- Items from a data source
/---

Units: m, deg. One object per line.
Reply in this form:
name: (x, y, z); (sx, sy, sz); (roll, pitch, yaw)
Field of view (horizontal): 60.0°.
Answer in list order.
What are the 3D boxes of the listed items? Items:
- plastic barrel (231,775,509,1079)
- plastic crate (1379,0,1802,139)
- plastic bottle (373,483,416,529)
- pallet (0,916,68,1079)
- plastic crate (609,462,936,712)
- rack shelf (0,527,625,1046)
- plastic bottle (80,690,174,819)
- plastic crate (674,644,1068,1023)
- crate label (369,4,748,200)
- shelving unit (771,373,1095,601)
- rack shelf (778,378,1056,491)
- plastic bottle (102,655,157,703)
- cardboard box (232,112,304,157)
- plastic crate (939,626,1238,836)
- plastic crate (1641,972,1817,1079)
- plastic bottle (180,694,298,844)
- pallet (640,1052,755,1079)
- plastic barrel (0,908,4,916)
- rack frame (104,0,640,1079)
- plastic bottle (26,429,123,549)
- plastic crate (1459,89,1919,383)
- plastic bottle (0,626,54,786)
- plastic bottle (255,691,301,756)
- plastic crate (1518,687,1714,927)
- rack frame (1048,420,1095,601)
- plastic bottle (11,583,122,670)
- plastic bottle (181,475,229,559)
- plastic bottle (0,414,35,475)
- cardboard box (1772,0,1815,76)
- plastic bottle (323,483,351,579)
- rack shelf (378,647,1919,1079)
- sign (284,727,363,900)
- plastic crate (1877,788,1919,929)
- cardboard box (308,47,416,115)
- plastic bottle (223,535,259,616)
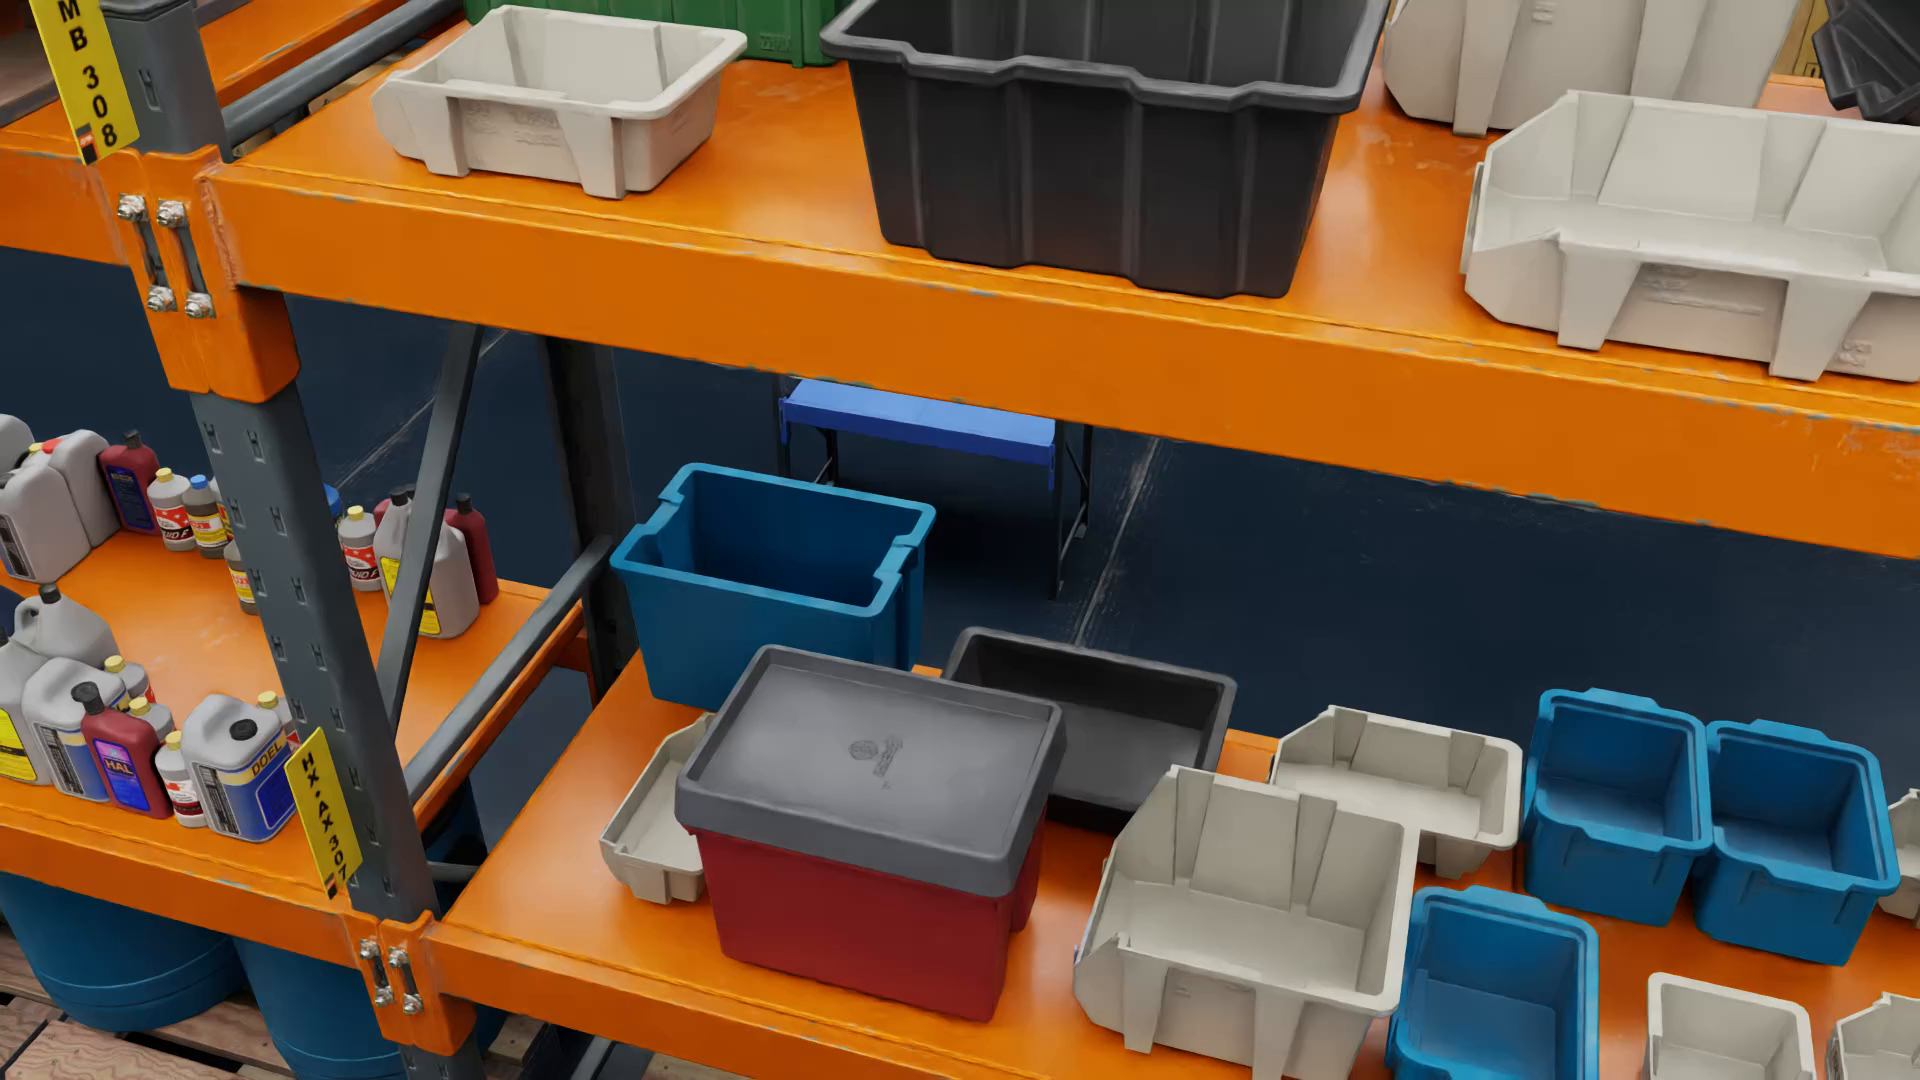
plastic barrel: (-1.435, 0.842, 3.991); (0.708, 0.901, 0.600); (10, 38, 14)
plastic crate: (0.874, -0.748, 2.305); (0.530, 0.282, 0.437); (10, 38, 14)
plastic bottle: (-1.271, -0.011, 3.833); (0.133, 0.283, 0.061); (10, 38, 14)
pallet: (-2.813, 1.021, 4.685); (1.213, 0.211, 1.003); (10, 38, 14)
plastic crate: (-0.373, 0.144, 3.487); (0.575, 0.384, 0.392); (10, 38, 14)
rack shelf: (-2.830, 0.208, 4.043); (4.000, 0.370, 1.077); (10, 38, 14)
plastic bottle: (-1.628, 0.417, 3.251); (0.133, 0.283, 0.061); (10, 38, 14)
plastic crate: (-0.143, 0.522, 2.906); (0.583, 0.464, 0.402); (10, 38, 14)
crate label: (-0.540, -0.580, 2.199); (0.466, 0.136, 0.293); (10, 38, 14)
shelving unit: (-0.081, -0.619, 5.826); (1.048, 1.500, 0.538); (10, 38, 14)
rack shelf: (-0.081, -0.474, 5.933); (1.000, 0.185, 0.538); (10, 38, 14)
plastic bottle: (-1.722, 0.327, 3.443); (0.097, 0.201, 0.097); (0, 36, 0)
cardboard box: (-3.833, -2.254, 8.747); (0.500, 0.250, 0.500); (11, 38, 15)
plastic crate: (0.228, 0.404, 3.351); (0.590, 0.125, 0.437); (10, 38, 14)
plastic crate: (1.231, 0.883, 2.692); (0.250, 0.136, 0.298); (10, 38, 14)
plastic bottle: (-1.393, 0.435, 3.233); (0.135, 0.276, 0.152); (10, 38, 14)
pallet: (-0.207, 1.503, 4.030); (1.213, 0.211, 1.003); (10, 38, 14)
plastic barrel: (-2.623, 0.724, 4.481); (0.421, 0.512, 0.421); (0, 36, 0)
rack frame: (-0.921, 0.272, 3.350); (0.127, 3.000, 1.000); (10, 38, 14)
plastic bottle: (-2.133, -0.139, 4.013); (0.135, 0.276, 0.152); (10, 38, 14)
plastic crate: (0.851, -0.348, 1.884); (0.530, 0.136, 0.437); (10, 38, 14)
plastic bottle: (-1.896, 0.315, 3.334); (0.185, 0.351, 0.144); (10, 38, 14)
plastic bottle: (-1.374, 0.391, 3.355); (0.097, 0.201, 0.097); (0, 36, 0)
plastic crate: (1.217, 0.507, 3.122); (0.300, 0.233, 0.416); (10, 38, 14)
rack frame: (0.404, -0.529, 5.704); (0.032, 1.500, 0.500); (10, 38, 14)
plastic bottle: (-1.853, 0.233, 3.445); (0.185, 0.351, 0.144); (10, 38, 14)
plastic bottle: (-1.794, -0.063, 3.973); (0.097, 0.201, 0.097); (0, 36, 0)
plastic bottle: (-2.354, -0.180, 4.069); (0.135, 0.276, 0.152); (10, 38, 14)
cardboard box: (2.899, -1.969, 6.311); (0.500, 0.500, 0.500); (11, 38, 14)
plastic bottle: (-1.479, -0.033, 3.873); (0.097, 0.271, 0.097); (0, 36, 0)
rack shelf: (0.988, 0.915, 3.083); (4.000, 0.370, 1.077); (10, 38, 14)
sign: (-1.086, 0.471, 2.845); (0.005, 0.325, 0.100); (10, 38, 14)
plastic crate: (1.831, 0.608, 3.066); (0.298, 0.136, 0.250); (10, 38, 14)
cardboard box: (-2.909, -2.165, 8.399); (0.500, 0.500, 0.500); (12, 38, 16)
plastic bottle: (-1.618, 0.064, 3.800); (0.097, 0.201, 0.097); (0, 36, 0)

\---

- ASSIGNED TASK
Could you copy all of the entries above exactly, without the pictures?

- SOLUTION TO THIS EXERCISE
Units: m, deg. One object per line.
Reply in this form:
name: (x, y, z); (sx, sy, sz); (roll, pitch, yaw)
Field of view (horizontal): 60.0°.
Answer in list order.
What are the 3D boxes of the listed items? Items:
- plastic barrel (231,775,509,1079)
- plastic crate (1379,0,1802,139)
- plastic bottle (373,483,416,529)
- pallet (0,916,68,1079)
- plastic crate (609,462,936,712)
- rack shelf (0,527,625,1046)
- plastic bottle (80,690,174,819)
- plastic crate (674,644,1068,1023)
- crate label (369,4,748,200)
- shelving unit (771,373,1095,601)
- rack shelf (778,378,1056,491)
- plastic bottle (102,655,157,703)
- cardboard box (232,112,304,157)
- plastic crate (939,626,1238,836)
- plastic crate (1641,972,1817,1079)
- plastic bottle (180,694,298,844)
- pallet (640,1052,755,1079)
- plastic barrel (0,908,4,916)
- rack frame (104,0,640,1079)
- plastic bottle (26,429,123,549)
- plastic crate (1459,89,1919,383)
- plastic bottle (0,626,54,786)
- plastic bottle (255,691,301,756)
- plastic crate (1518,687,1714,927)
- rack frame (1048,420,1095,601)
- plastic bottle (11,583,122,670)
- plastic bottle (181,475,229,559)
- plastic bottle (0,414,35,475)
- cardboard box (1772,0,1815,76)
- plastic bottle (323,483,351,579)
- rack shelf (378,647,1919,1079)
- sign (284,727,363,900)
- plastic crate (1877,788,1919,929)
- cardboard box (308,47,416,115)
- plastic bottle (223,535,259,616)
plastic barrel: (-1.435, 0.842, 3.991); (0.708, 0.901, 0.600); (10, 38, 14)
plastic crate: (0.874, -0.748, 2.305); (0.530, 0.282, 0.437); (10, 38, 14)
plastic bottle: (-1.271, -0.011, 3.833); (0.133, 0.283, 0.061); (10, 38, 14)
pallet: (-2.813, 1.021, 4.685); (1.213, 0.211, 1.003); (10, 38, 14)
plastic crate: (-0.373, 0.144, 3.487); (0.575, 0.384, 0.392); (10, 38, 14)
rack shelf: (-2.830, 0.208, 4.043); (4.000, 0.370, 1.077); (10, 38, 14)
plastic bottle: (-1.628, 0.417, 3.251); (0.133, 0.283, 0.061); (10, 38, 14)
plastic crate: (-0.143, 0.522, 2.906); (0.583, 0.464, 0.402); (10, 38, 14)
crate label: (-0.540, -0.580, 2.199); (0.466, 0.136, 0.293); (10, 38, 14)
shelving unit: (-0.081, -0.619, 5.826); (1.048, 1.500, 0.538); (10, 38, 14)
rack shelf: (-0.081, -0.474, 5.933); (1.000, 0.185, 0.538); (10, 38, 14)
plastic bottle: (-1.722, 0.327, 3.443); (0.097, 0.201, 0.097); (0, 36, 0)
cardboard box: (-3.833, -2.254, 8.747); (0.500, 0.250, 0.500); (11, 38, 15)
plastic crate: (0.228, 0.404, 3.351); (0.590, 0.125, 0.437); (10, 38, 14)
plastic crate: (1.231, 0.883, 2.692); (0.250, 0.136, 0.298); (10, 38, 14)
plastic bottle: (-1.393, 0.435, 3.233); (0.135, 0.276, 0.152); (10, 38, 14)
pallet: (-0.207, 1.503, 4.030); (1.213, 0.211, 1.003); (10, 38, 14)
plastic barrel: (-2.623, 0.724, 4.481); (0.421, 0.512, 0.421); (0, 36, 0)
rack frame: (-0.921, 0.272, 3.350); (0.127, 3.000, 1.000); (10, 38, 14)
plastic bottle: (-2.133, -0.139, 4.013); (0.135, 0.276, 0.152); (10, 38, 14)
plastic crate: (0.851, -0.348, 1.884); (0.530, 0.136, 0.437); (10, 38, 14)
plastic bottle: (-1.896, 0.315, 3.334); (0.185, 0.351, 0.144); (10, 38, 14)
plastic bottle: (-1.374, 0.391, 3.355); (0.097, 0.201, 0.097); (0, 36, 0)
plastic crate: (1.217, 0.507, 3.122); (0.300, 0.233, 0.416); (10, 38, 14)
rack frame: (0.404, -0.529, 5.704); (0.032, 1.500, 0.500); (10, 38, 14)
plastic bottle: (-1.853, 0.233, 3.445); (0.185, 0.351, 0.144); (10, 38, 14)
plastic bottle: (-1.794, -0.063, 3.973); (0.097, 0.201, 0.097); (0, 36, 0)
plastic bottle: (-2.354, -0.180, 4.069); (0.135, 0.276, 0.152); (10, 38, 14)
cardboard box: (2.899, -1.969, 6.311); (0.500, 0.500, 0.500); (11, 38, 14)
plastic bottle: (-1.479, -0.033, 3.873); (0.097, 0.271, 0.097); (0, 36, 0)
rack shelf: (0.988, 0.915, 3.083); (4.000, 0.370, 1.077); (10, 38, 14)
sign: (-1.086, 0.471, 2.845); (0.005, 0.325, 0.100); (10, 38, 14)
plastic crate: (1.831, 0.608, 3.066); (0.298, 0.136, 0.250); (10, 38, 14)
cardboard box: (-2.909, -2.165, 8.399); (0.500, 0.500, 0.500); (12, 38, 16)
plastic bottle: (-1.618, 0.064, 3.800); (0.097, 0.201, 0.097); (0, 36, 0)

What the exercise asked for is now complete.